There are limitations to hemoadsorption therapy for a more extended clinical use. Heterogeneity of critical care patients poses a significant challenge to the selection of patients who are likely to benefit from this therapy. Till date, studies have been unable to clearly identify such a subgroup. Various underlying diseases and comorbidities can influence treatment outcomes, making it difficult to identify a criteria for the initiation and cessation of therapy and for the evaluation of the therapy’s effectiveness across all patient groups. Another limitation of hemoadsorption therapy is the lack of a standardized protocol for its administration. Variability in the adsorbent material type or commercially available cartridge used, optimal treatment duration, and timing of the intervention can affect the efficacy of hemoadsorption therapy; thus, it is challenging to compare the results of different studies. Therapeutic drug monitoring is essential to maintain a constant concentration because the device may adsorb some antibiotics, antivirals, or antifungals. The high cost associated with hemoadsorption therapy is also a significant concern. Specialized equipment as well as personnel and expensive consumable cartridges can limit its widespread use, especially in healthcare systems with limited resources.
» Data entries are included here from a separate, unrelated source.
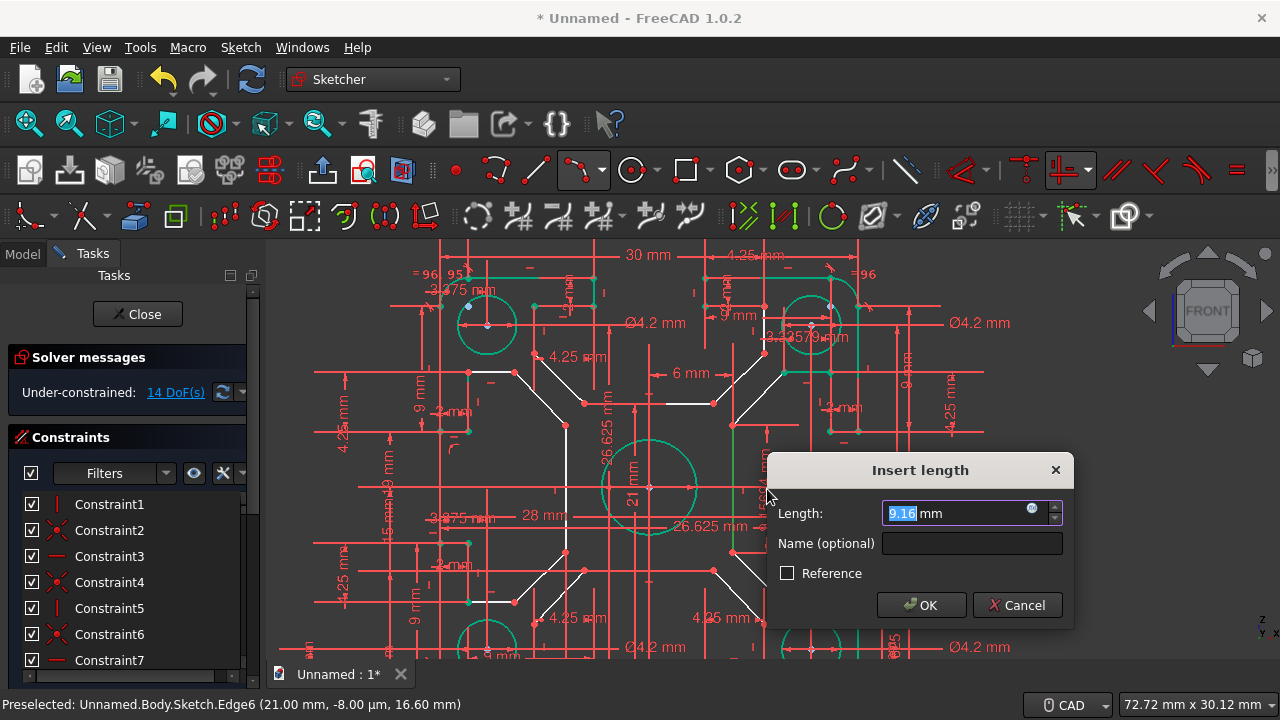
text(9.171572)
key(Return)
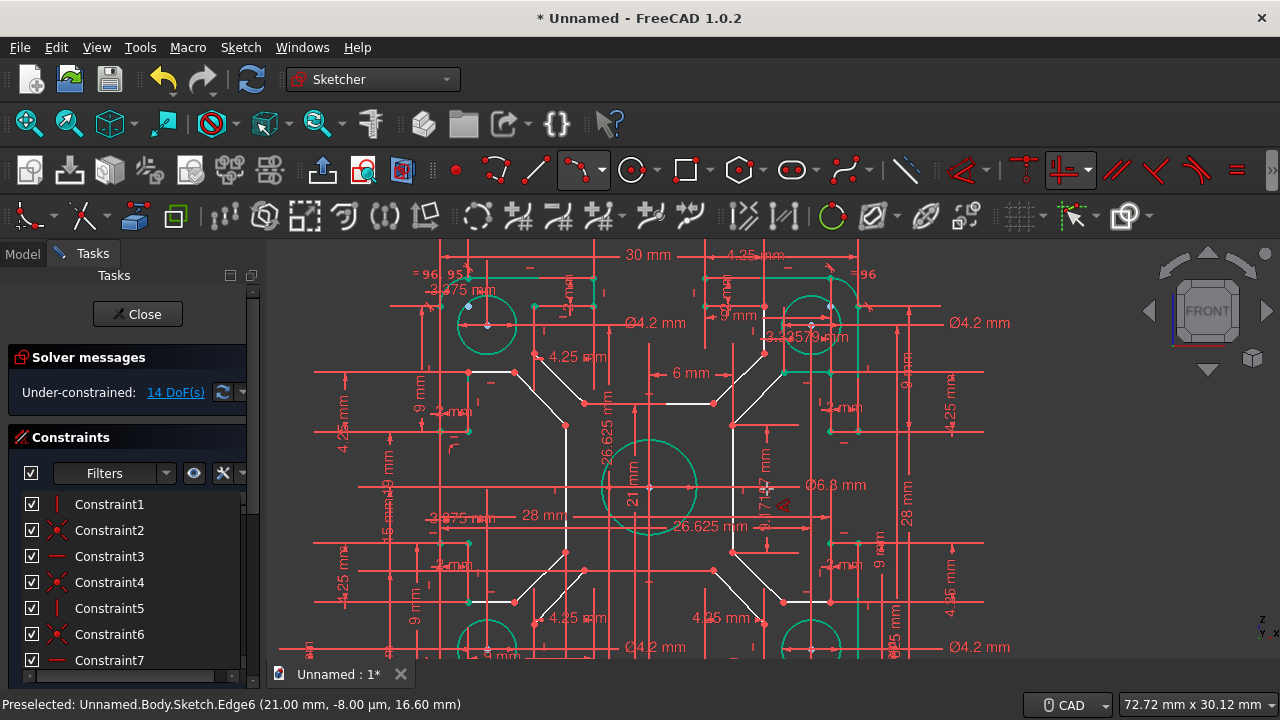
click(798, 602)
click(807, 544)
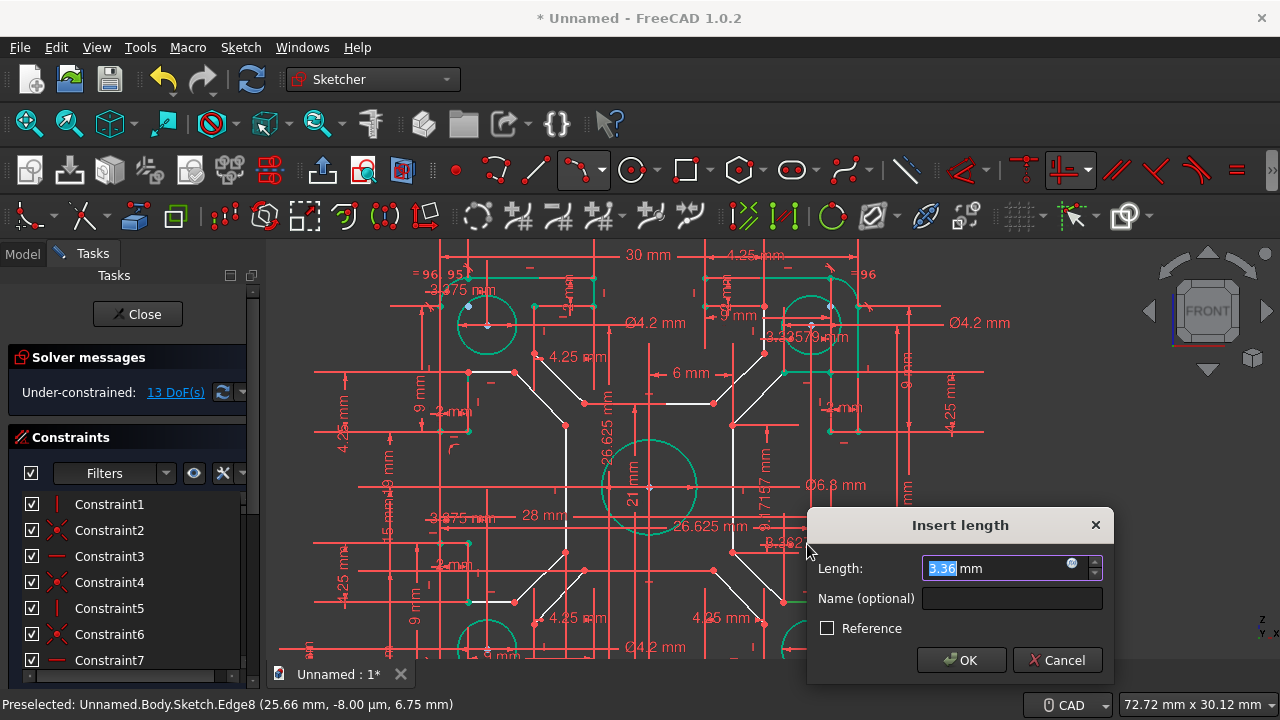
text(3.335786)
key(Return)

Although there is considerable uncertainty regarding the timing of administration and the phenotypes of patients to be treated, hemoadsorption regulates immune homeostasis. Thus, new clinical studies related to hemoadsorption are very important. Studies involving potential therapeutic targets in the field of microcirculatory dysfunction; such as glycocalyx, which maintains vascular permeability and modulates inflammatory responses; are urgently required. To overcome the limitations of hemoadsorption, further large-scale, well-designed, and powerful clinical trials that focus on the kinetics and transportation properties of sorbents, adsorption mechanism, and potential side effects and timing of treatment are urgently required. Future studies could identify certain patient groups that may benefit from hemoadsorption therapy with a more standardized administration protocol.